● **Records for the exercise**
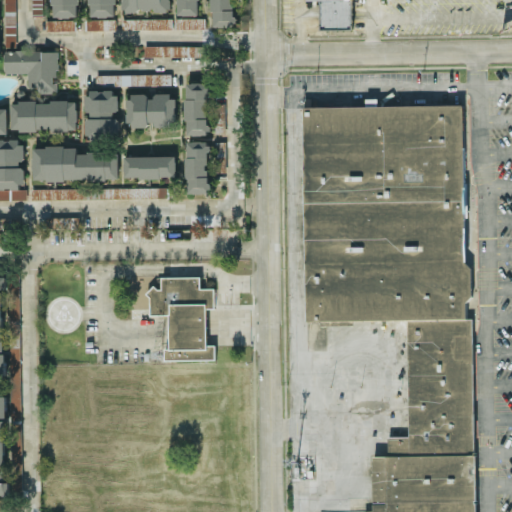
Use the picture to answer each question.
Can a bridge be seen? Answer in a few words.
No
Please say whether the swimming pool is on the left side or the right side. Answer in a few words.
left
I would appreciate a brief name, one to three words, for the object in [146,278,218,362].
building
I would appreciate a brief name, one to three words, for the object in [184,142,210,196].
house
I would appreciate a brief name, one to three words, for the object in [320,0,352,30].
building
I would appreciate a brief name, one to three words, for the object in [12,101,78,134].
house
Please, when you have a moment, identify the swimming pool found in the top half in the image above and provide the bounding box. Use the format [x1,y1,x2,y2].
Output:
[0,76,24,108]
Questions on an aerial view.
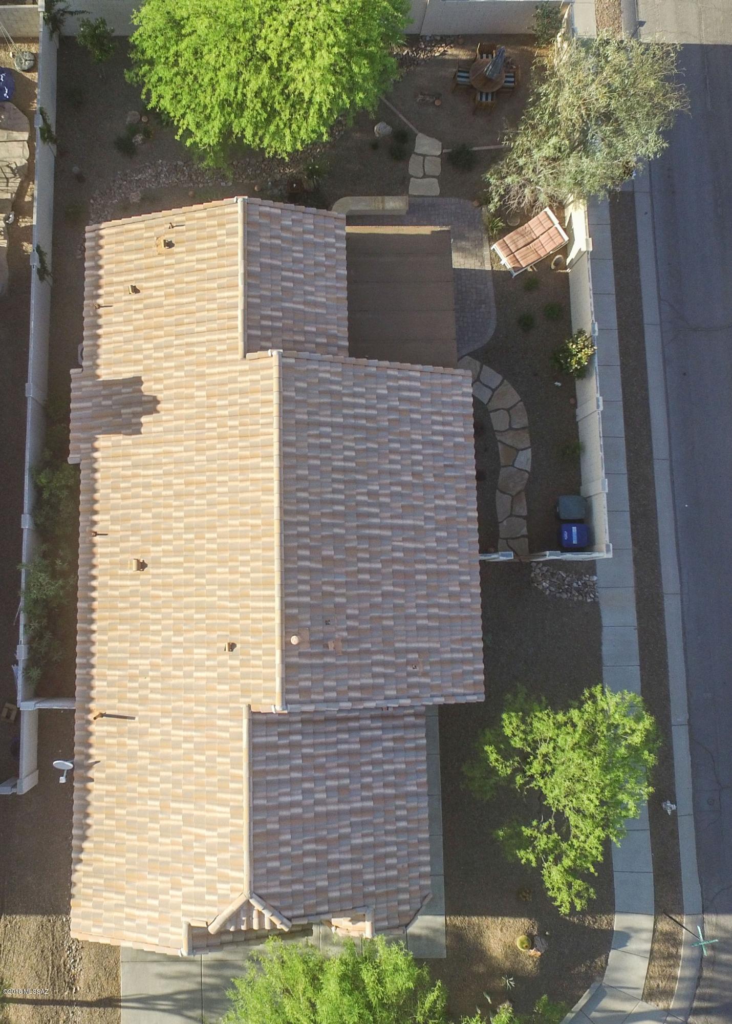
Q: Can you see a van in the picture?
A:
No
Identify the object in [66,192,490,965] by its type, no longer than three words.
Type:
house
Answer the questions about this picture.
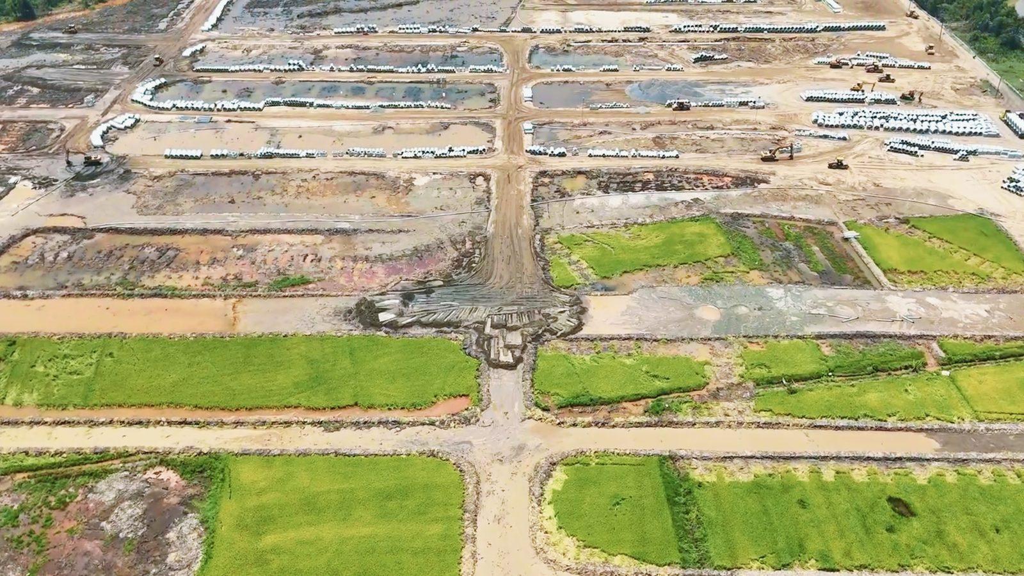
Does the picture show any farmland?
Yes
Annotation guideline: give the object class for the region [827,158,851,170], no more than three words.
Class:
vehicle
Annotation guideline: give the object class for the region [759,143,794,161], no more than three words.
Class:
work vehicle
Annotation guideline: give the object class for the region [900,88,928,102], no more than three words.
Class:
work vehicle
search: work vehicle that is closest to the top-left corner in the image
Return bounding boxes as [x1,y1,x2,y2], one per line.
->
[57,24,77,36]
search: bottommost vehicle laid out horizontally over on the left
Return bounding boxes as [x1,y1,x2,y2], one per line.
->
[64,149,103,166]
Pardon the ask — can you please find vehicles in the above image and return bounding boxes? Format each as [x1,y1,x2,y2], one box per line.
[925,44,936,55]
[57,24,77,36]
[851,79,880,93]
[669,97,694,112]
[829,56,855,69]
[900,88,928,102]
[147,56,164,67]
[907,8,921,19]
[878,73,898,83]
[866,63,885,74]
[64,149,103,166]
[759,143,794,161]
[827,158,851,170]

● **Task requirements**
The required output is a verbatim repetition of the lines from the opening of the entries above through the line containing "Identify the object", inclusive, with no pictures and nothing else.

● **Output of the exercise**
Use the picture to answer each question.
Can a bridge be seen? Answer in a few words.
No
Please say whether the swimming pool is on the left side or the right side. Answer in a few words.
left
I would appreciate a brief name, one to three words, for the object in [146,278,218,362].
building
I would appreciate a brief name, one to three words, for the object in [184,142,210,196].
house
I would appreciate a brief name, one to three words, for the object in [320,0,352,30].
building
I would appreciate a brief name, one to three words, for the object in [12,101,78,134].
house
Please, when you have a moment, identify the swimming pool found in the top half in the image above and provide the bounding box. Use the format [x1,y1,x2,y2].
Output:
[0,76,24,108]
Questions on an aerial view.
Q: Can you see a van in the picture?
A:
No
Identify the object in [66,192,490,965] by its type, no longer than three words.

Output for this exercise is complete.